CASTELLO ARAGONESE – RENDE

 

Il museo rientra nella strategia culturale pubblico-privato di rilancio del Centro Storico di Rende come “Borgo dei musei” e “Cittadella d’Arte”  che unifica palazzi-chiese-piazze e musei.

Un percorso completo e diversificato cronologicamente: il Museo Civico (Palazzo Zagarese ) espone opere di notevole interesse storico di matrice calabrese e meridionale: Preti, Pascaletti, Santanna; il Maon Museo Otto-Novecento (palazzo Vitari) con opere d’arte moderna con particolare e dinamica attenzione ai movimenti scaturiti dal territorio; il Museo della Ceramica di Calabria (palazzo Miceli-Magdalone) offre un percorso etno-antropologico espositivo cronologico e geografico, raccontando la storia della Calabria attraverso reperti (donazione Bilotti Ruggi) dalle origini alle espressioni della Magna Grecia e le culture che si sono avvicendate sul territorio. Repertori medioevali, rinascimentali e di epoca barocca fino ad arrivare a quelli popolari dei trenta centri di produzione regionale; il museo di arte contemporanea nel Castello aragonese è costituito esclusivamente da donazioni private su iniziativa di Roberto Bilotti Ruggi d’Aragona con donazioni proprie e quelle degli artisti già presenti nelle maggiori istituzioni museali nazionali ed internazionali.

Il Museo di Arte Contemporanea espone le più significative ricerche creative che interpretano il nostro tempo con pittura, scultura, fotografia, installazioni e videoarte. Alcuni autori, hanno creato “stanze d’artista” con installazioni specifiche. L’obiettivo in progress è di completarne tala panoramica attraverso il coinvolgimento di altri artisti riconosciuti, fondazioni, archivi ed arrivare a costituire il maggiore polo di Arte Contemporanea nel sud d’Italia con il Madre di Napoli e il Marca di Catanzaro. A fianco all’esposizione permanente vi è un programma di mostre temporanee in collaborazione con le Accademie di Belle Arti e le Università e il “Museo Carlo Bilotti all’Aranciera di Villa Borghese” della Soprintendenza capitolina al fine di realizzare iniziative con scambi ed eventi congiunti.

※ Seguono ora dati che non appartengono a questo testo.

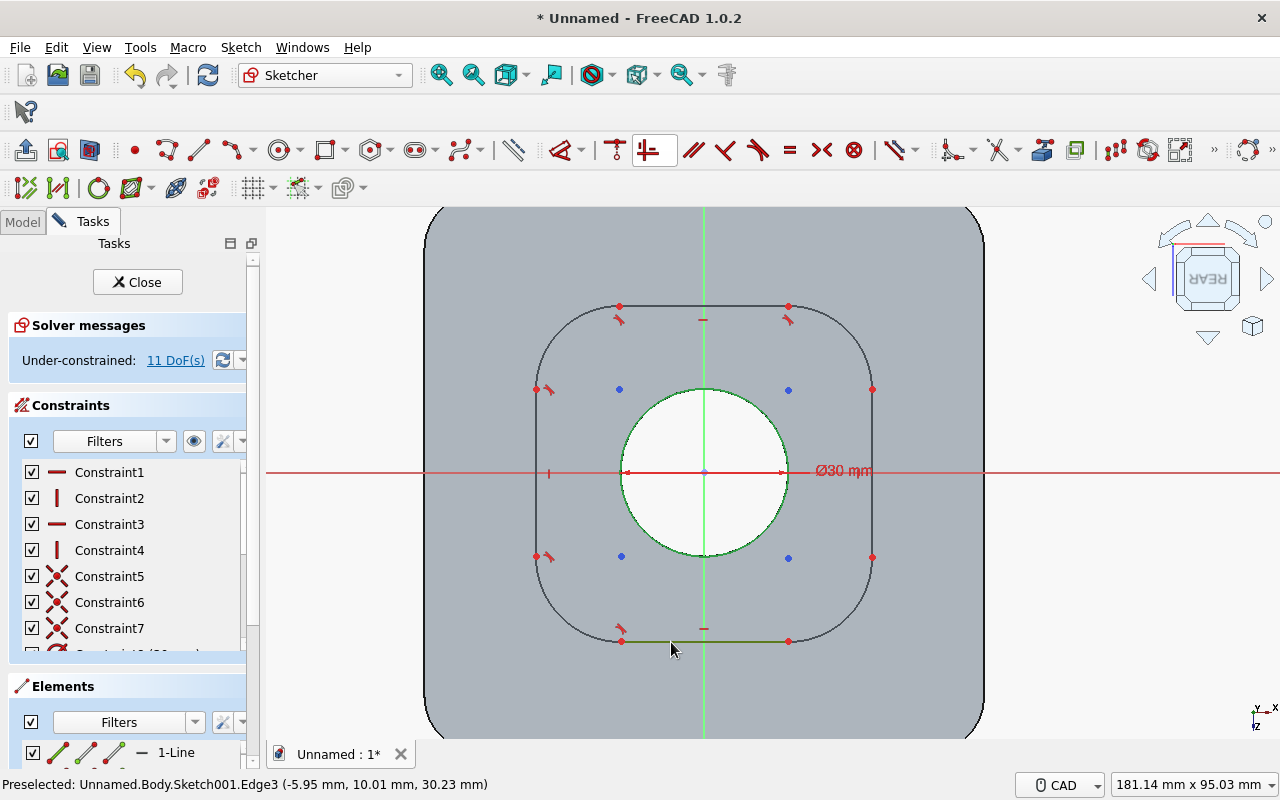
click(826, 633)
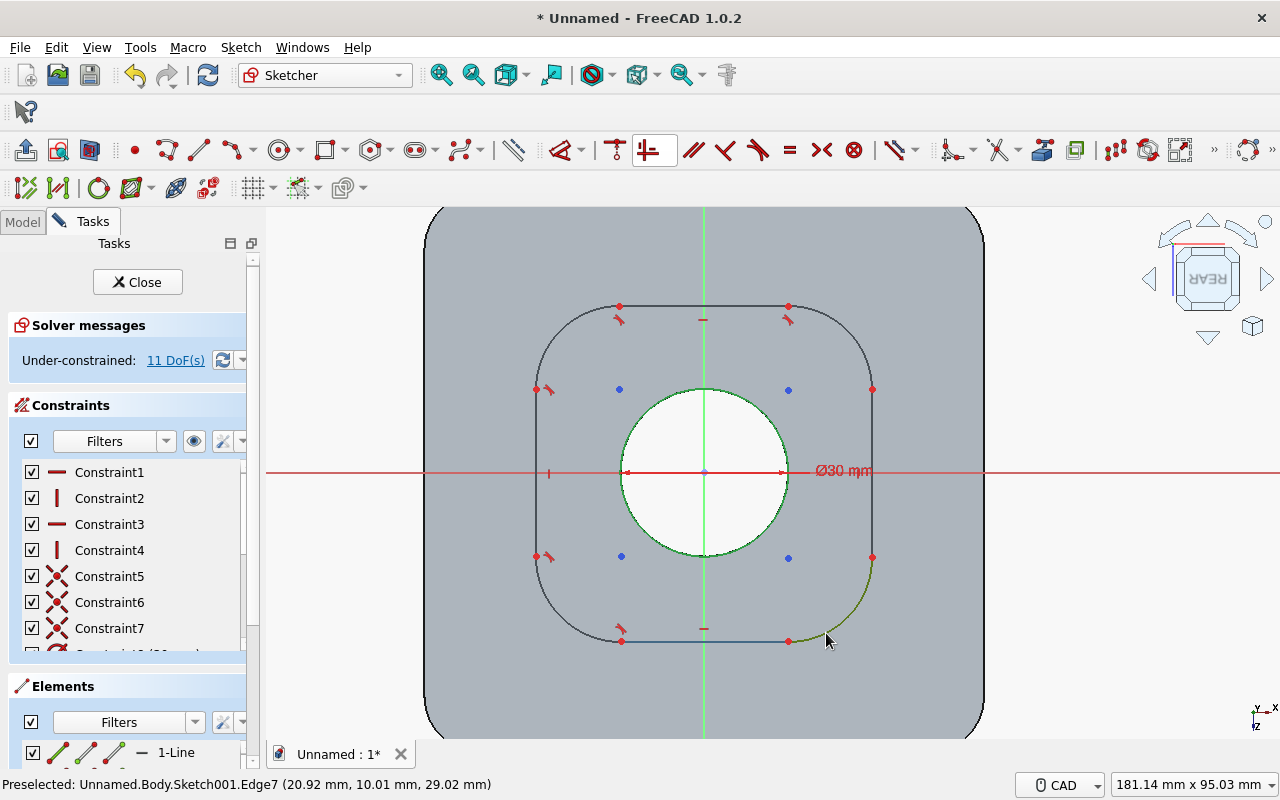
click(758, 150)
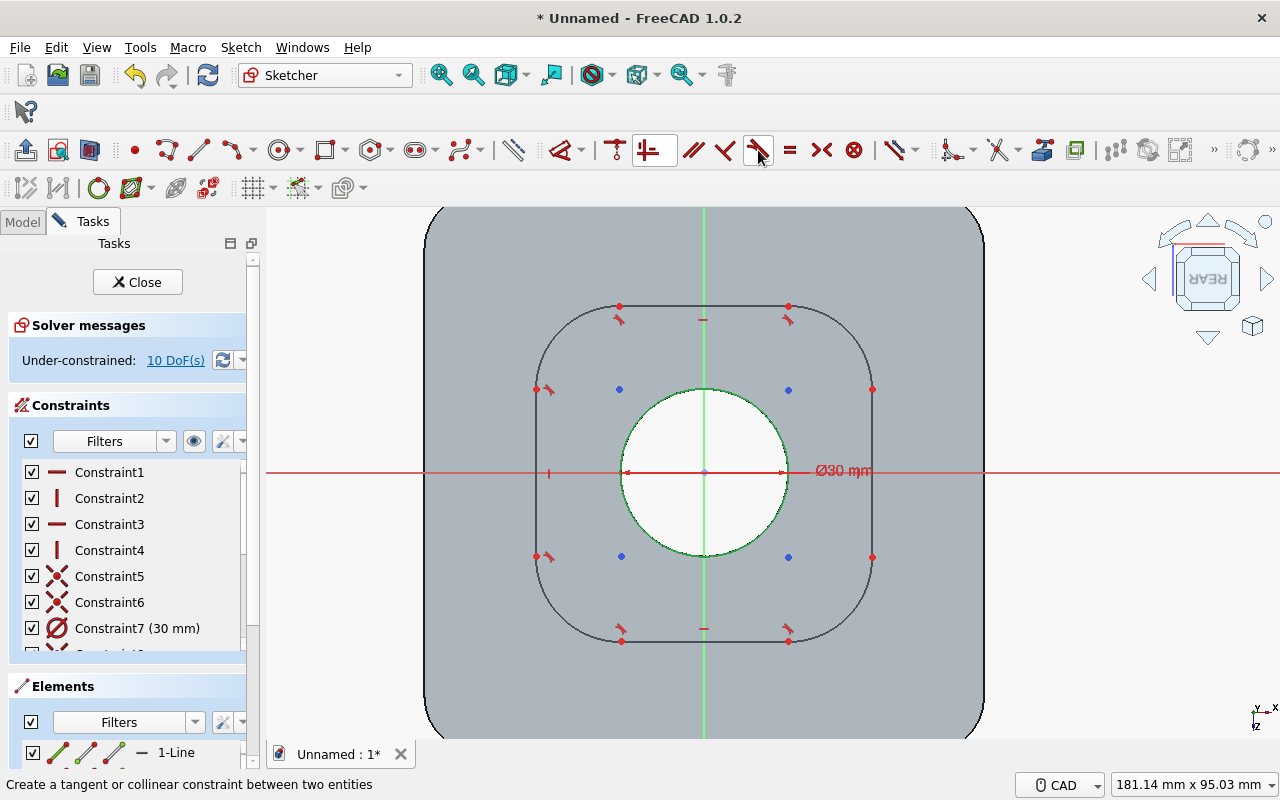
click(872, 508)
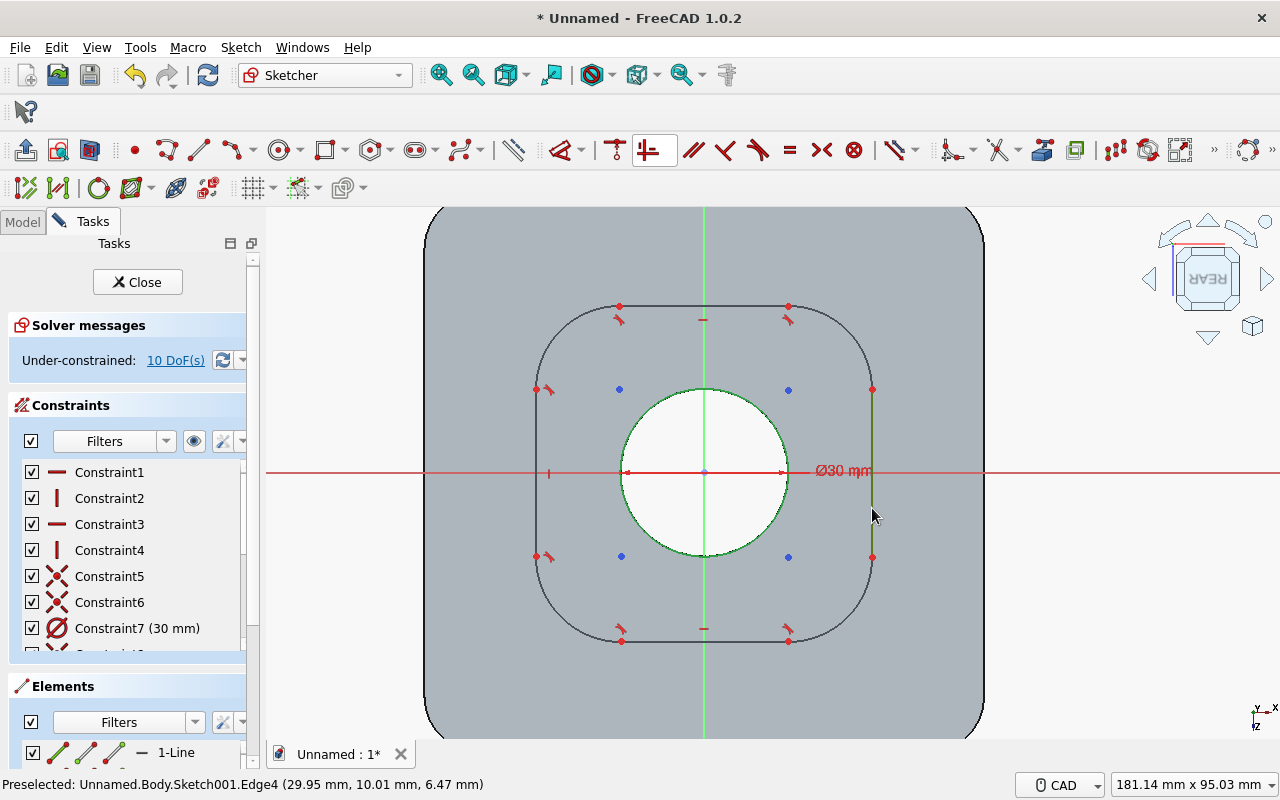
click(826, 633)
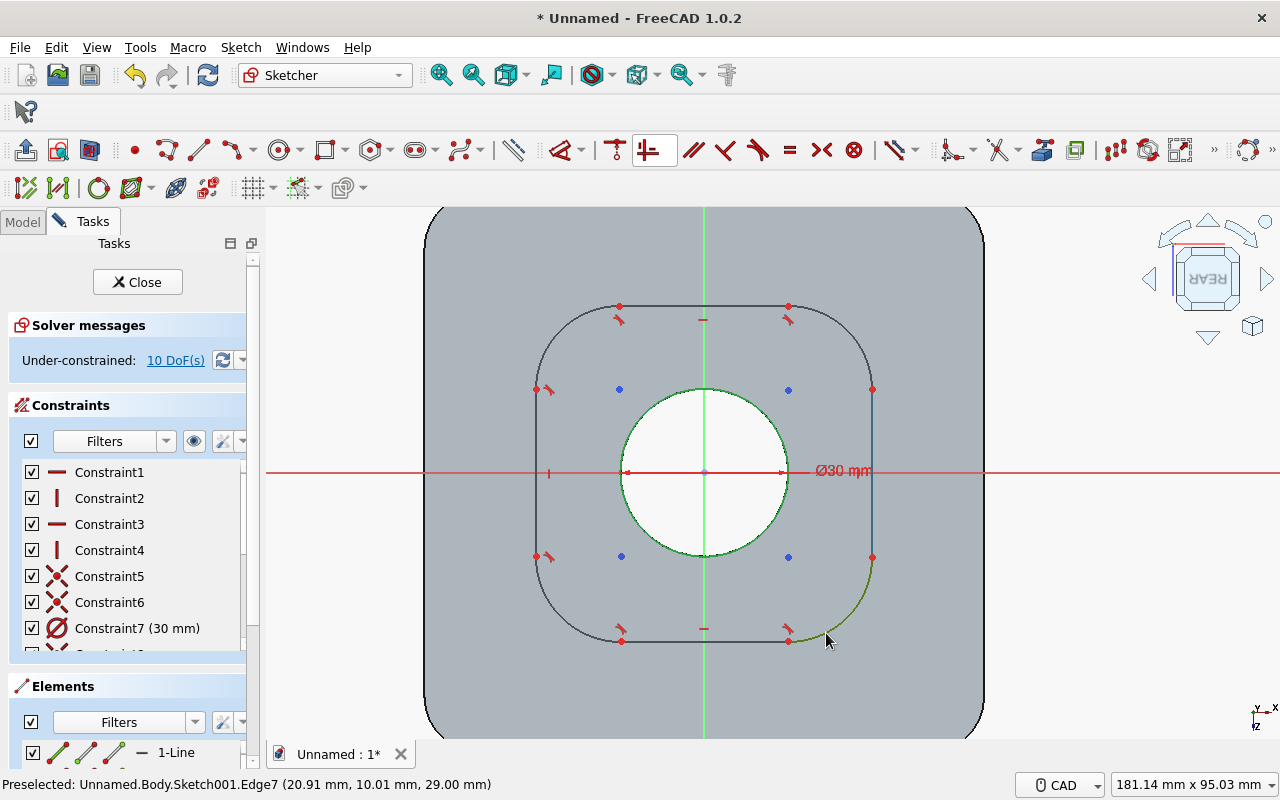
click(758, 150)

Questo museo d’Arte Contemporanea s’inserisce nell’infrastruttura museale calabrese caratterizzata dalla sua distribuzione territoriale diffusa. Un sistema integrato con musei presenti non solo nei capoluoghi, ma anche in piccoli centri, tutti estremamente rilevanti dal punto di vista della conservazione dei caratteri identitari. E’ una realtà capace di coprire tutto l’arco della produzione culturale della Regione, nei diversi settori e nelle varie epoche, dalle singolarità geologiche e naturalistiche, alla produzione artistica antica, delle arti minori, della multietnicità e del multilinguismo, fino alla storia religiosa, politica e sociale del territorio e con questa istituzione ora anche il panorama contemporaneo .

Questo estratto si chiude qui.